Your mission ensures everyone understands what they are being tasked to do in pursuit of that vision. Are you all rowing in the same direction?

Your mission guides daily decisions and actions. It's a reality check for deciding what to put into the product, what additional services to offer, whether this task is a good use of the company's time, if this company is the right partner. And when communicated clearly to recruits, you ensure you're bringing in the right people to represent the brand — people who know what they are getting into and are up to the task. That's how you build an engaged workforce.

If you want to add a new feature, customer experience or offering, does it further your mission and vision? Or does it distract from it?

One CEO client of mine said it best: "We need a mission statement that we can ask ourselves in every meeting to ensure we are making the right decision."

Used correctly, your vision and mission statements provide the framework for all your customer communications as well.
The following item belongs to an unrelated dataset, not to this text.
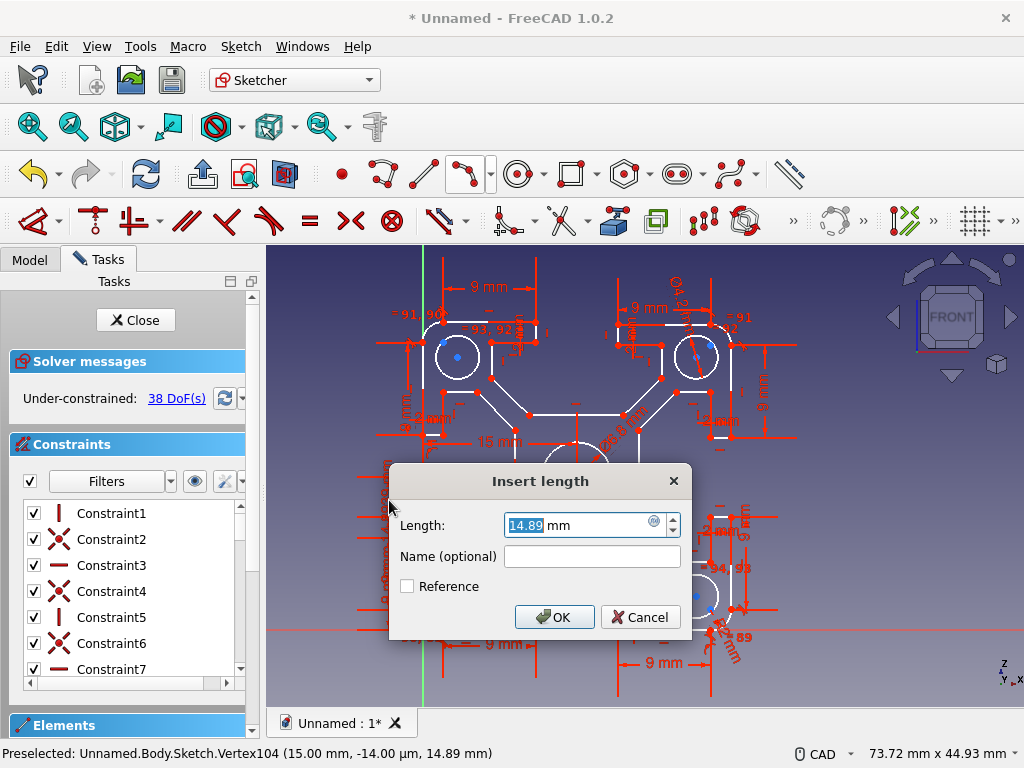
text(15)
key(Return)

If your value proposition or product messaging doesn't align with and support the mission and vision, you're on the wrong track.

If you truly want to scale across a distributed workforce, various locations, and expanding product or service lines, all your people need to understand what journey they are on. Where do you play? Why do you do what you do? This is just the beginning of establishing an influential and sticky brand, and it informs everything else you do as individuals toward the company's goals, both long and short term. But when it's relegated to a pretty poster on the wall or website copy that no one remembers, it is the most overlooked part of a successful brand strategy.